Only the stretch of the listing below that runs from the line with "This screenshot has height=1232, width=953. How" through the line with "Task: Navigate to" is to be printed, exactly and with both ends.

■ **Data for this task**:
+===+
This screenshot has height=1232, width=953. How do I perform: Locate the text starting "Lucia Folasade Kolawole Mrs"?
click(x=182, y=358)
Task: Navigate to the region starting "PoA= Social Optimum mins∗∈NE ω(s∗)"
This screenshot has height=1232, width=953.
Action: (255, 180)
+===+
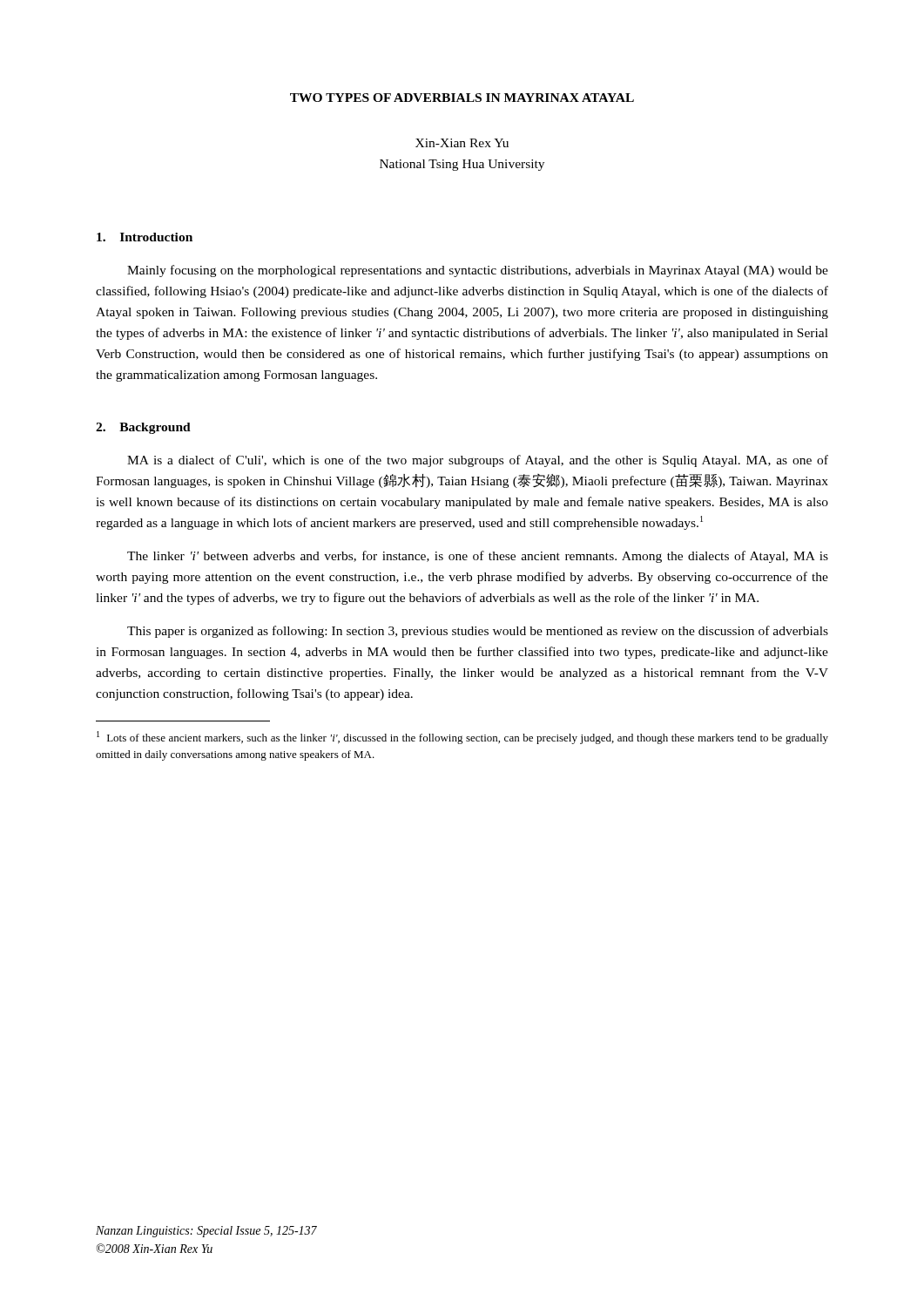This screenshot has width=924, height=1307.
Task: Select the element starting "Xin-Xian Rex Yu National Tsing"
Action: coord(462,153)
+===+
■ **Exercise result**:
This screenshot has height=1232, width=953. How do I perform: Locate the text starting "Lucia Folasade Kolawole Mrs"?
click(x=182, y=358)
Task: Navigate to the region starting "PoA= Social Optimum mins∗∈NE ω(s∗)"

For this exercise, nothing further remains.